**What this task involves**.
All entries below must be retyped exactly, though pictures are to be skipped.

# # # # # # #

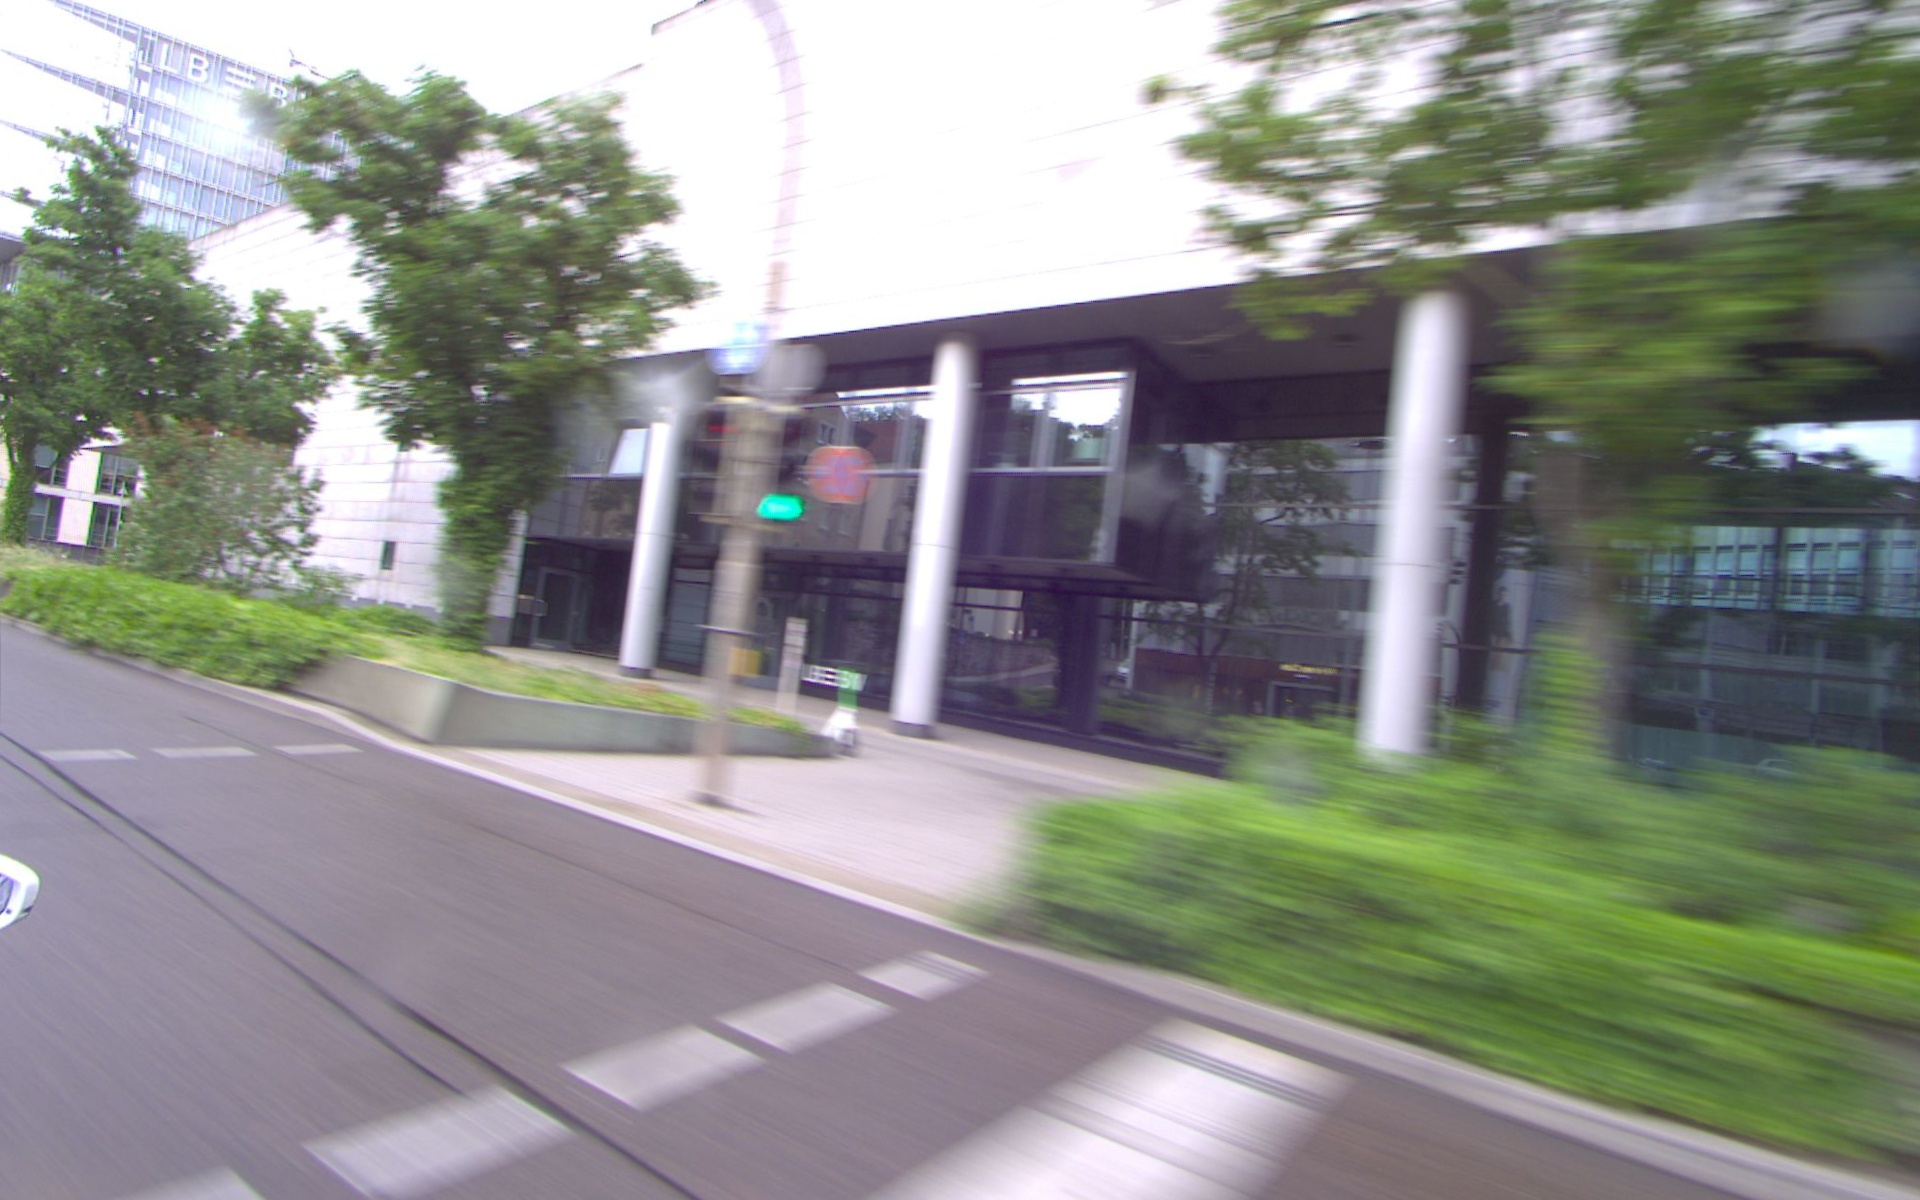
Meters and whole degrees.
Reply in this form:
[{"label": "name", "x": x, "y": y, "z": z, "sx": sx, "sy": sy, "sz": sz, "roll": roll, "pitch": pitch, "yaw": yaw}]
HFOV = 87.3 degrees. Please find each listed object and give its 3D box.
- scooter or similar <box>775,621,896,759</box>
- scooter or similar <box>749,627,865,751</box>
[{"label": "scooter or similar", "x": -1.514, "y": 1.133, "z": 12.392, "sx": 0.495, "sy": 1.547, "sz": 1.325, "roll": 7, "pitch": -3, "yaw": 37}, {"label": "scooter or similar", "x": -1.902, "y": 1.147, "z": 12.683, "sx": 0.452, "sy": 1.424, "sz": 1.325, "roll": 7, "pitch": -3, "yaw": 37}]

# # # # # # #

**Result of the task**.
Meters and whole degrees.
Reply in this form:
[{"label": "name", "x": x, "y": y, "z": z, "sx": sx, "sy": sy, "sz": sz, "roll": roll, "pitch": pitch, "yaw": yaw}]
HFOV = 87.3 degrees. Please find each listed object and give its 3D box.
- scooter or similar <box>775,621,896,759</box>
- scooter or similar <box>749,627,865,751</box>
[{"label": "scooter or similar", "x": -1.514, "y": 1.133, "z": 12.392, "sx": 0.495, "sy": 1.547, "sz": 1.325, "roll": 7, "pitch": -3, "yaw": 37}, {"label": "scooter or similar", "x": -1.902, "y": 1.147, "z": 12.683, "sx": 0.452, "sy": 1.424, "sz": 1.325, "roll": 7, "pitch": -3, "yaw": 37}]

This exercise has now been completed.